Bien sûr, les paris horizontaux du PMU (d’abord le tiercé, puis les quartés, trios, quintés, etc.), qui ont fait les beaux jours des recettes d’antan. Mais force est de constater qu’ils ne correspondent plus à l’air du temps. Même s’ils ont séduit par le passé des millions de turfistes passionnés, ces millions se sont progressivement réduits à quelques centaines de milliers. Et ils ne se sont pas renouvelés. Et ils vieillissent. Bientôt, ils ne seront plus que quelques milliers. Bref, on a changé d’époque. Il serait temps que les instances des courses s’en aperçoivent, prennent la mesure du phénomène et adaptent leur gouvernance beaucoup plus vite qu’elles ne le font, qu’elles deviennent force de proposition d’une révolution nécessaire qu’il vaudrait mieux ne pas se laisser imposer – ni par des pouvoirs publics rarement clairvoyants dans ce domaine, ni par un PMU structurellement incapable de dépasser ses propres limites.

Oui, les courses sont à la fois un sport et un support de jeu. Mais elles doivent rester un sport d’abord ! On a trop tendance à l’oublier au nom de la recette du mutuel, qui pourtant fond comme neige au soleil.
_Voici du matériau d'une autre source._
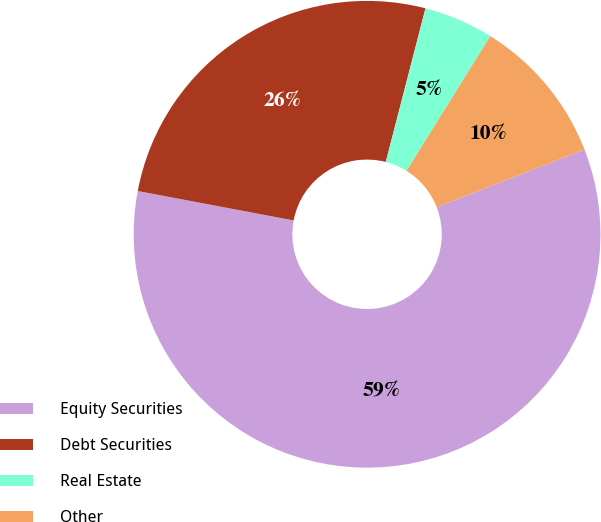Convert chart to OTSL. <chart><loc_0><loc_0><loc_500><loc_500><pie_chart><fcel>Equity Securities<fcel>Debt Securities<fcel>Real Estate<fcel>Other<nl><fcel>58.88%<fcel>26.06%<fcel>4.83%<fcel>10.23%<nl></chart>

Alors assumons une fois pour toutes cette dichotomie qui doit cesser d’engendrer de la schizophrénie. Et créons clairement deux catégories de courses bien identifiées : l’une dite de « sélection », dédiée au sport et à la formation des champions, avec des paris dédiés, nouveaux, innovants, voire verticaux, gérés par des quantités de nouveaux opérateurs. Et l’autre catégorie, pour les chevaux de moindre valeur, avec ses jeux traditionnels gérés par le PMU, quinté et autres, avec ses nombreux partants. Et laissons l’exclusivité du week-end à la première catégorie en recréant une course événement le dimanche, avec une gamme de paris redevenus populaires. On retrouvera l’esprit « Grande Course » de Canal+, mais cette fois-ci avec une vraie belle épreuve, et non pas un handicap quinté qui incite à la triche et dont le public finit par se demander ce qu’il a de si grand…

Ce n’est qu’après avoir transformé comme cela notre produit course, après lui avoir redonné son lustre et son exigence sportive, qu’on pourra commencer à réfléchir à une politique de relance de l’attractivité des hippodromes, à une meilleure scénarisation télévisée, à la recherche de nouveaux propriétaires, etc.